WHAT YOU NEED TO DO: Repeat each entry exactly and drop the pictures.

Source data:
>>>>

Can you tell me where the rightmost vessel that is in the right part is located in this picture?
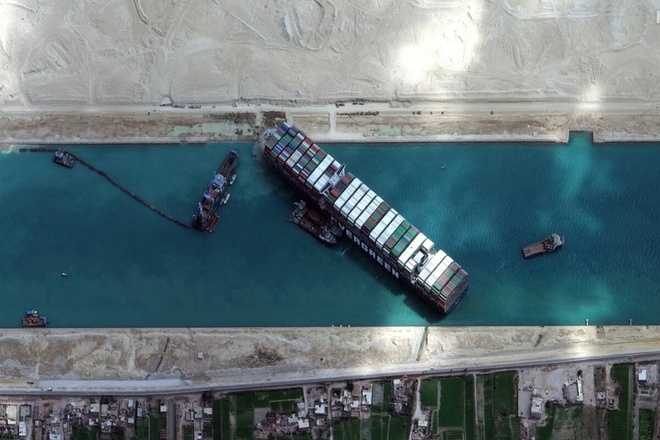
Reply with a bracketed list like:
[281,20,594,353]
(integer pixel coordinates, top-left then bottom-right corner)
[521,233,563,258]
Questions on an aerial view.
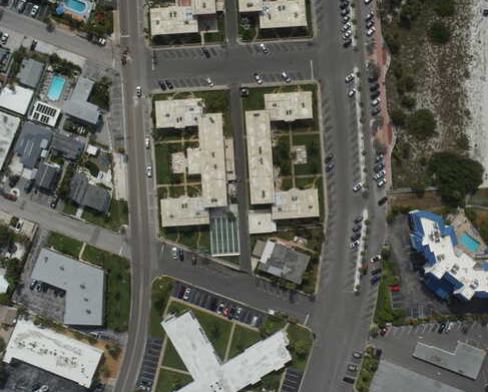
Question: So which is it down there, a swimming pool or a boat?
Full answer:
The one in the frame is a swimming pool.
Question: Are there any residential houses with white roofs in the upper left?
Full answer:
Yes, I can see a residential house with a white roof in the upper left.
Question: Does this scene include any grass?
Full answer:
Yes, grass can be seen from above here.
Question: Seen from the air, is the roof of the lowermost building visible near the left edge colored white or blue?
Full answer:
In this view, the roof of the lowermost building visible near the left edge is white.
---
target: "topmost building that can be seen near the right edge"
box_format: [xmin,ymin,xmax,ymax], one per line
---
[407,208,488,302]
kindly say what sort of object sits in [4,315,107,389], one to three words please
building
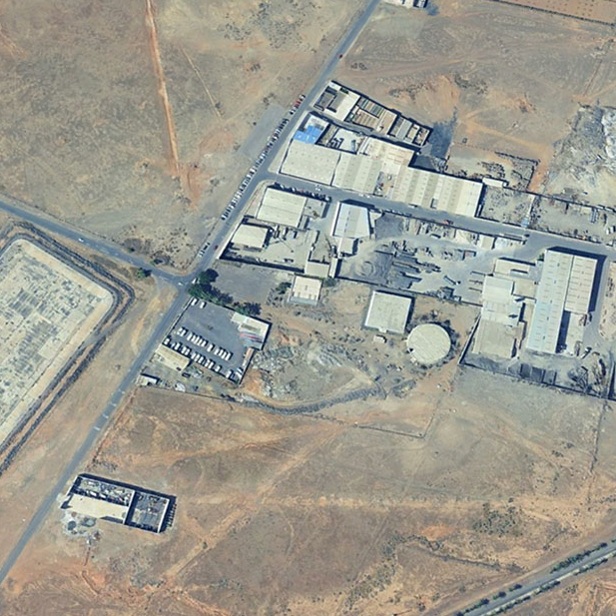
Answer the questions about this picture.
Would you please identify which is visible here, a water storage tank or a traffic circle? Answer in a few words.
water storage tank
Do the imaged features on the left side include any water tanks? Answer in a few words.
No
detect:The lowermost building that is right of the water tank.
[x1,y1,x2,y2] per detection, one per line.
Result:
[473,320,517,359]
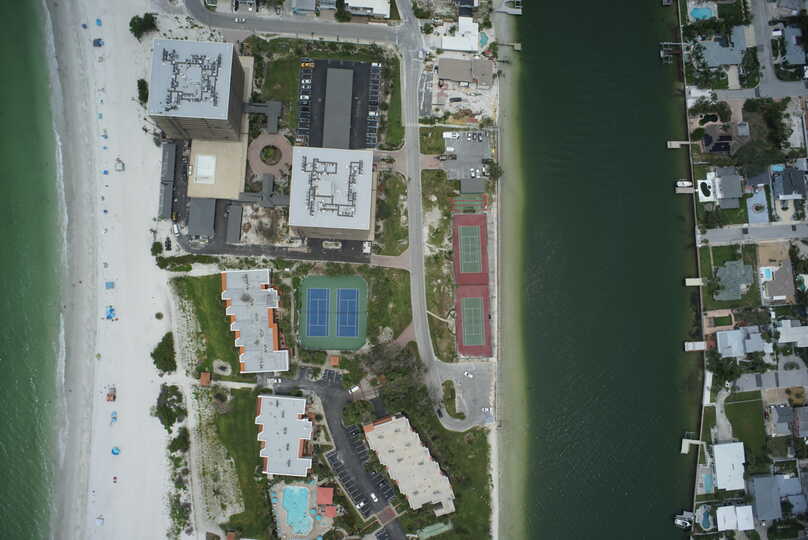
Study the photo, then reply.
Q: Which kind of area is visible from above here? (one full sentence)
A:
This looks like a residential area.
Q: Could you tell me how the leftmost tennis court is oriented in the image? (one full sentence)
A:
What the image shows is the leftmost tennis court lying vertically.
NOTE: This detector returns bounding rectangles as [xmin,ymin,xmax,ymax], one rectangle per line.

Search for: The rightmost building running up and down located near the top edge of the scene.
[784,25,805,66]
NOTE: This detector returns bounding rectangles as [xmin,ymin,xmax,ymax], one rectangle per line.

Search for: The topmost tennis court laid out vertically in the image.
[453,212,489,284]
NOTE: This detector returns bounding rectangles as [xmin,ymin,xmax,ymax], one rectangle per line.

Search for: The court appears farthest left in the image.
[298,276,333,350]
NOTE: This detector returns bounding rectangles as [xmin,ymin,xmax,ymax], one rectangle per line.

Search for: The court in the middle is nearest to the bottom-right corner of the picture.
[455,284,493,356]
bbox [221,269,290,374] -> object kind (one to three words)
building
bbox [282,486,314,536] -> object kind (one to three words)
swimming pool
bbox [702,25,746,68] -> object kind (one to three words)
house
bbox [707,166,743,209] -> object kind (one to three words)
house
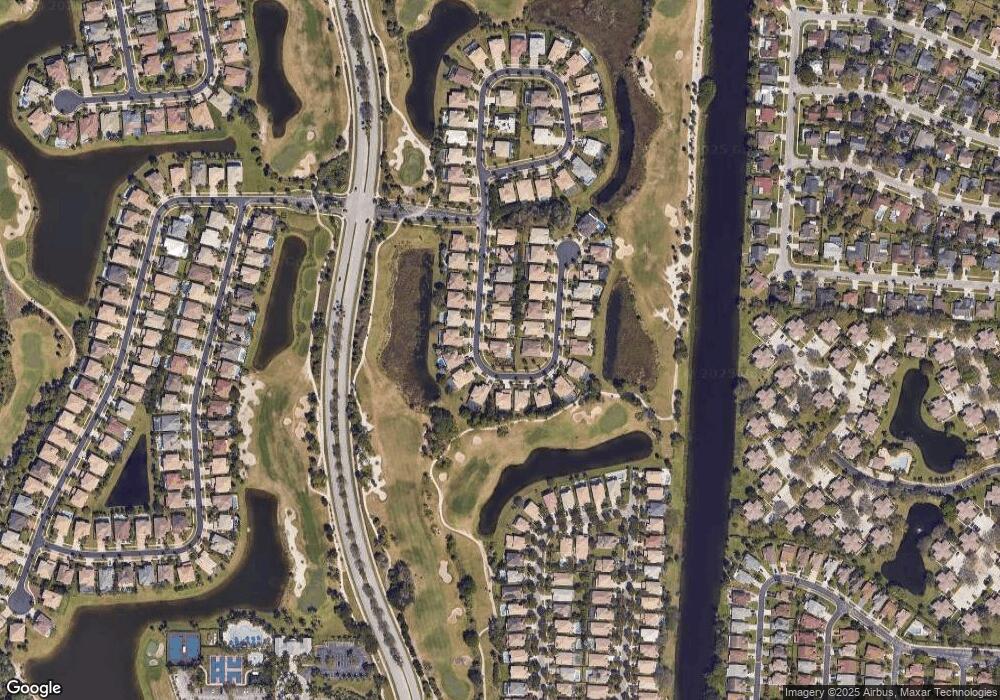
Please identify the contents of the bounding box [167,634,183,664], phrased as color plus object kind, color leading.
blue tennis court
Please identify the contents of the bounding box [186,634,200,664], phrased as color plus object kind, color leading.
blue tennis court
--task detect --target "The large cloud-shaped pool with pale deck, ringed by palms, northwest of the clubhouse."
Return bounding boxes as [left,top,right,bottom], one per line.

<<<<

WRITTEN ANSWER:
Can you tell me where the rightmost vessel that is in the right part is located in this picture?
Reply with a bracketed list like:
[281,20,594,353]
(integer pixel coordinates, top-left then bottom-right corner)
[521,233,563,258]
Questions on an aerial view.
Question: So which is it down there, a swimming pool or a boat?
Full answer:
The one in the frame is a swimming pool.
Question: Are there any residential houses with white roofs in the upper left?
Full answer:
Yes, I can see a residential house with a white roof in the upper left.
Question: Does this scene include any grass?
Full answer:
Yes, grass can be seen from above here.
Question: Seen from the air, is the roof of the lowermost building visible near the left edge colored white or blue?
Full answer:
In this view, the roof of the lowermost building visible near the left edge is white.
---
target: "topmost building that can be seen near the right edge"
box_format: [xmin,ymin,xmax,ymax], one per line
---
[407,208,488,302]
kindly say what sort of object sits in [4,315,107,389], one to three words please
building
Answer the questions about this picture.
Would you please identify which is visible here, a water storage tank or a traffic circle? Answer in a few words.
water storage tank
Do the imaged features on the left side include any water tanks? Answer in a few words.
No
detect:The lowermost building that is right of the water tank.
[x1,y1,x2,y2] per detection, one per line.
Result:
[473,320,517,359]
Study the photo, then reply.
Q: Which kind of area is visible from above here? (one full sentence)
A:
This looks like a residential area.
Q: Could you tell me how the leftmost tennis court is oriented in the image? (one full sentence)
A:
What the image shows is the leftmost tennis court lying vertically.
NOTE: This detector returns bounding rectangles as [xmin,ymin,xmax,ymax], one rectangle per line.

Search for: The rightmost building running up and down located near the top edge of the scene.
[784,25,805,66]
NOTE: This detector returns bounding rectangles as [xmin,ymin,xmax,ymax], one rectangle per line.

Search for: The topmost tennis court laid out vertically in the image.
[453,212,489,284]
NOTE: This detector returns bounding rectangles as [xmin,ymin,xmax,ymax], one rectangle per line.

Search for: The court appears farthest left in the image.
[298,276,333,350]
NOTE: This detector returns bounding rectangles as [xmin,ymin,xmax,ymax], one rectangle per line.

Search for: The court in the middle is nearest to the bottom-right corner of the picture.
[455,284,493,356]
bbox [221,269,290,374] -> object kind (one to three words)
building
bbox [282,486,314,536] -> object kind (one to three words)
swimming pool
bbox [702,25,746,68] -> object kind (one to three words)
house
bbox [707,166,743,209] -> object kind (one to three words)
house
Please identify the contents of the bounding box [167,634,183,664], phrased as color plus object kind, color leading.
blue tennis court
Please identify the contents of the bounding box [186,634,200,664], phrased as color plus object kind, color leading.
blue tennis court
--task detect --target "The large cloud-shaped pool with pale deck, ringed by palms, northwest of the clubhouse."
Return bounding boxes as [left,top,right,bottom], one per line.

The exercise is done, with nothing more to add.